Saturday, August 7, 2010

Depression

Loneliness, fear (that ever present thought of what is to come), depression, and an increasing angst are the feelings of the moment, sitting here on the Greyhound bus. There has been a change in me, perhaps caused by being so long in a negative situation (at least one for me), but the shift from positive to negative has taken place, much to my surprise. Sitting here alone I struggle to find my way back to a place of self I once enjoyed. The usually outgoing person is becoming more withdrawn. Bi-Polar combined with an ever increasing dislike for the way our society has become could be the reason; that combined with a smile that no longer shines. How do I afford correcting/repairing the once brilliant smile of years ago, before the drugs, the infections, and the time of self destruction? No longer having good front teeth now causes a constant worry about how others perceive me. It seems the very items of personal appearance that I long ago determined whether I would talk to a person or not, are now the very things I struggle with. I now share the feelings of those people in the past, and understand how they feel when meeting new people. That desire to be accepted for who I am, regardless of any imperfections.
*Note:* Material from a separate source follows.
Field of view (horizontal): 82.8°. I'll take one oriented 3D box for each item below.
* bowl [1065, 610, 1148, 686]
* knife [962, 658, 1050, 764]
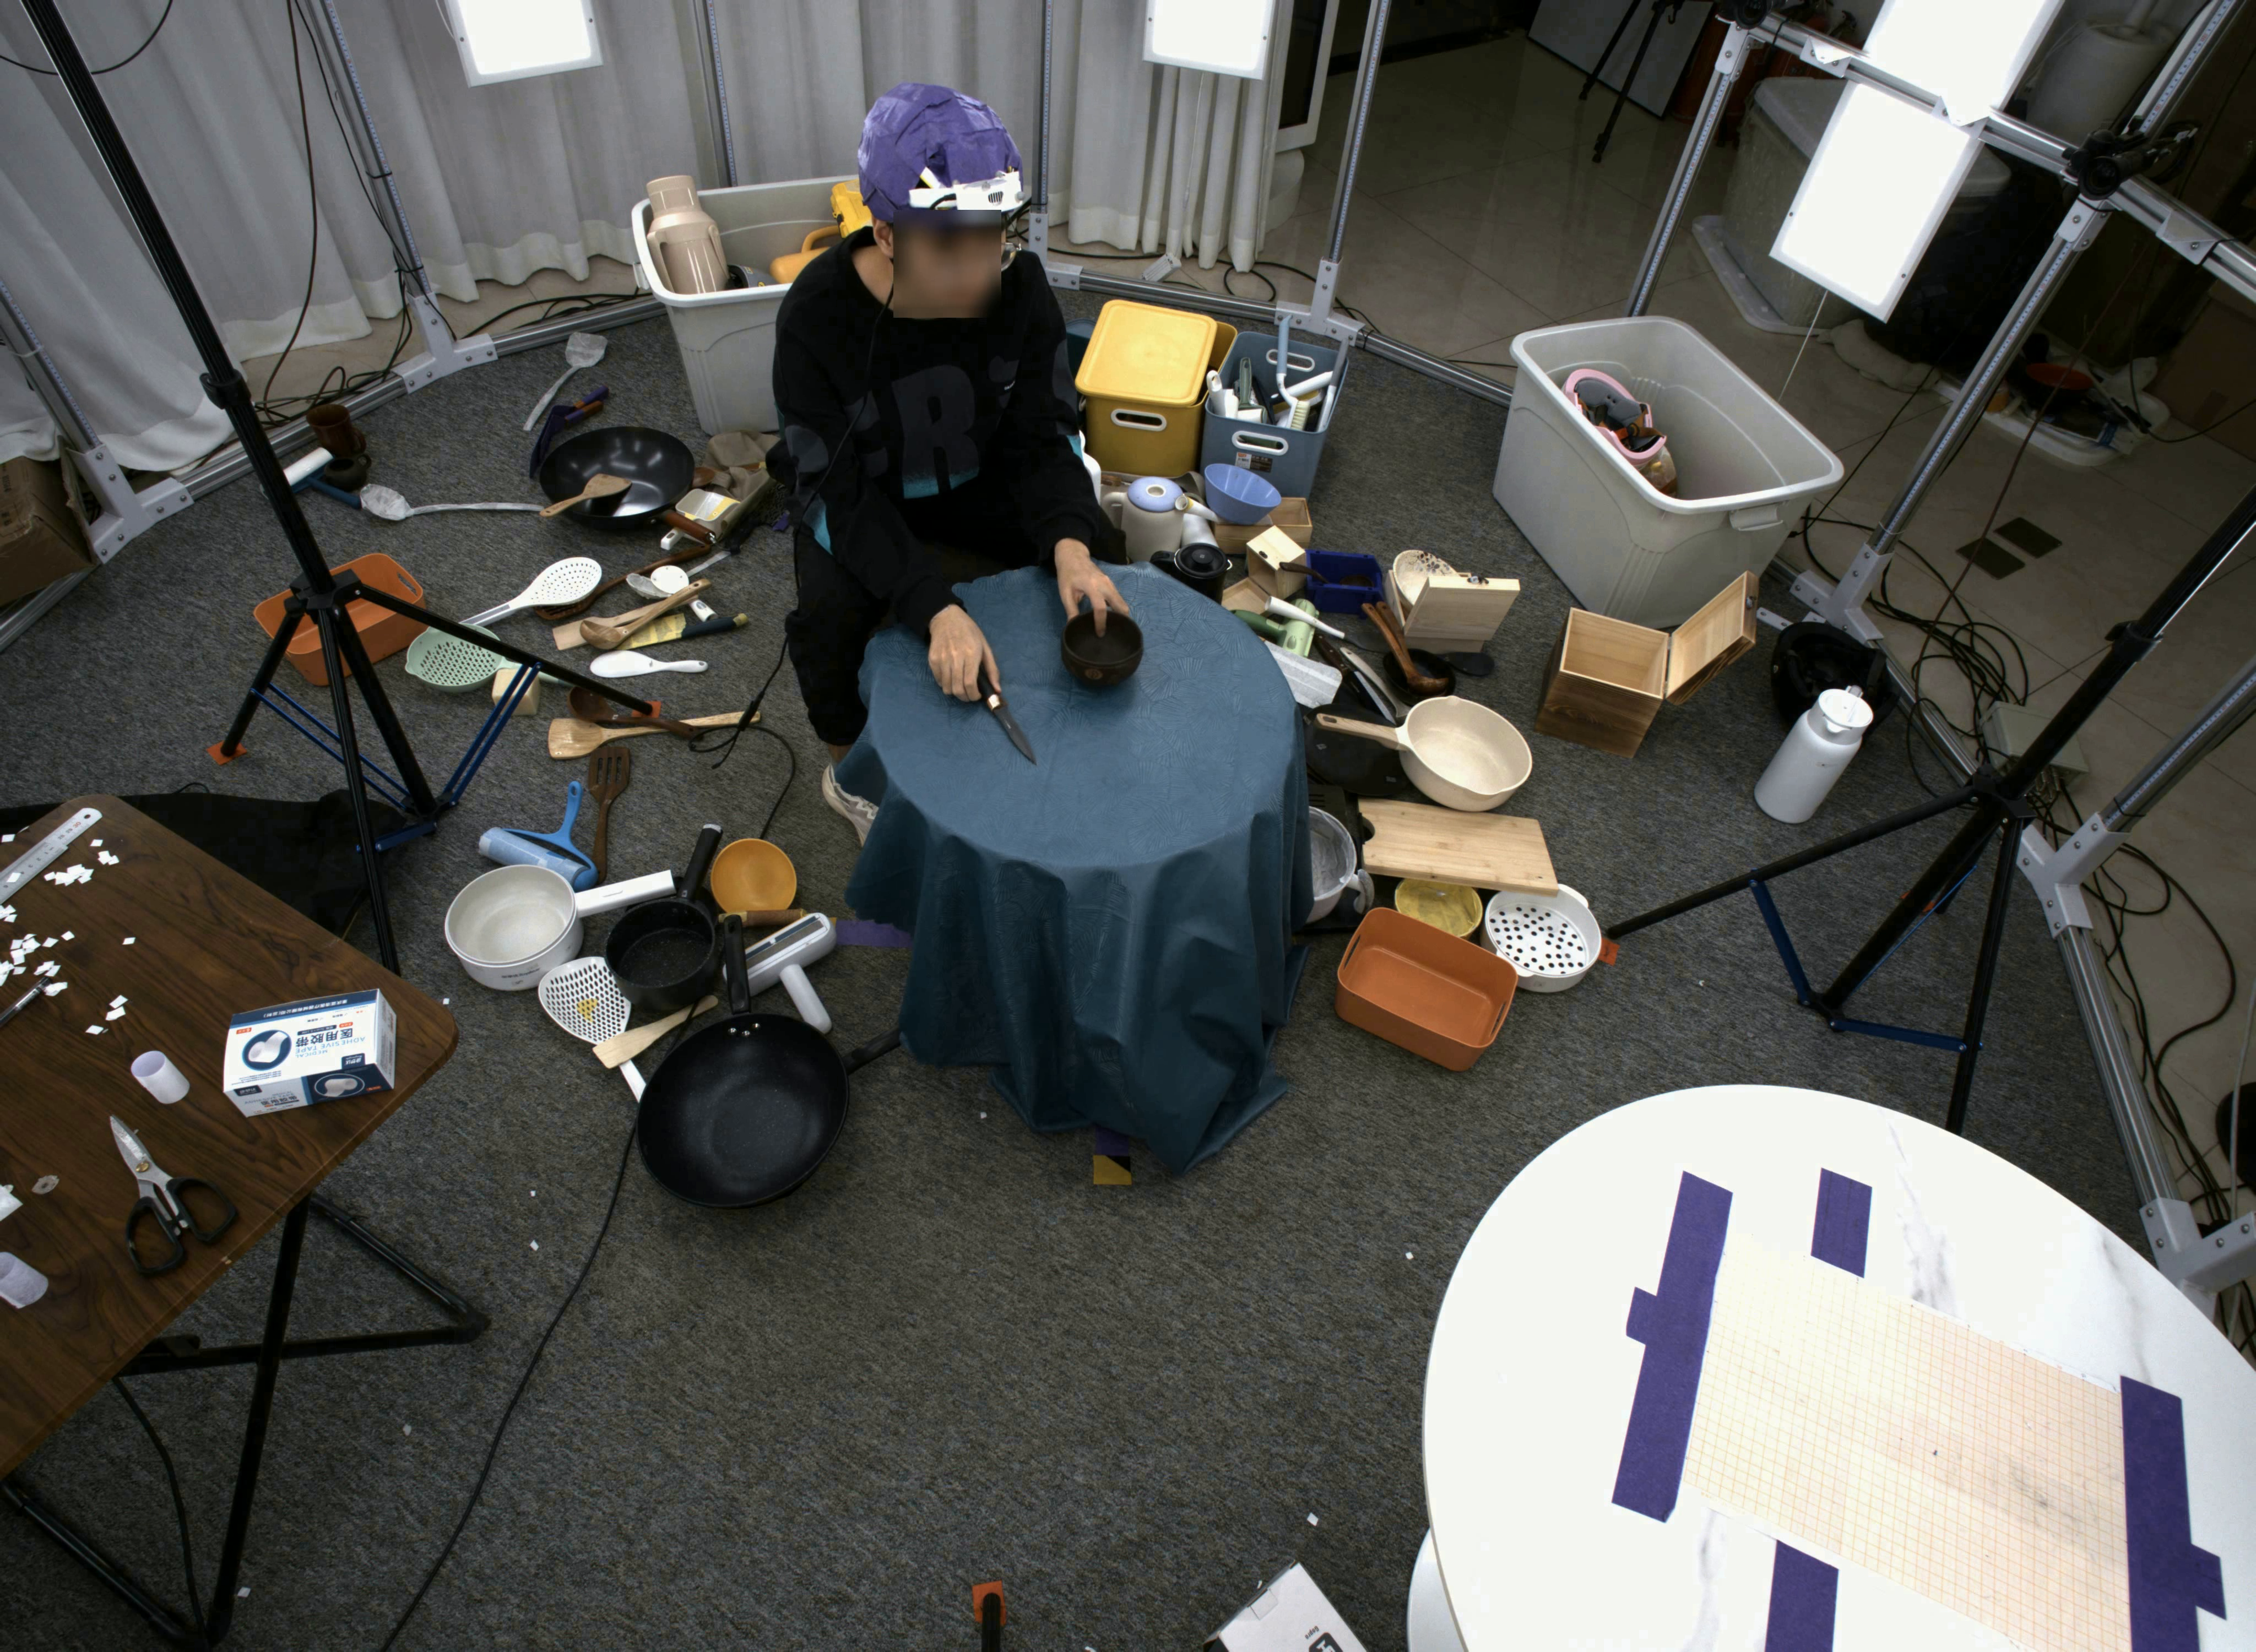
[{"bbox_3d":[-0.031,-0.245,1.831,0.118,0.068,0.121,3,47,-3],"label":"bowl"},{"bbox_3d":[-0.172,-0.161,1.790,0.026,0.017,0.230,-18,54,-29],"label":"knife"}]

My thoughts interrupted by the bus drivers announcements. Meal break in Baker City, Oregon. I'm not hungry. The small town is beautifully nestled in the valley, the mountains rise, soaring gracefully, surrounding me and the town. I sit alone on the quiet bus, the passengers departed for meals or smoking. Finally, I've figured a way to resolve some angst about travel schedules. I will be obtaining my tickets for the next leg of the bus journey when I arrive in each city usually 2 days from my arrival date. The 19 year old boy, with an apparent drinking issue, talks with the girl up front. Others sleep, some listen to music, others sight see along the trip from Salt Lake City to Seattle.

Swaying, movement, and the bus moves on. Next stop La Grande. The bus rattles and shakes a bit more than usual as we make our way, is something wrong?

A bit longer and I'll be changing buses in Stanfield, Oregon. Regrets surface and flood my mind, deepening the depression. At the moment, I cannot think, let alone write.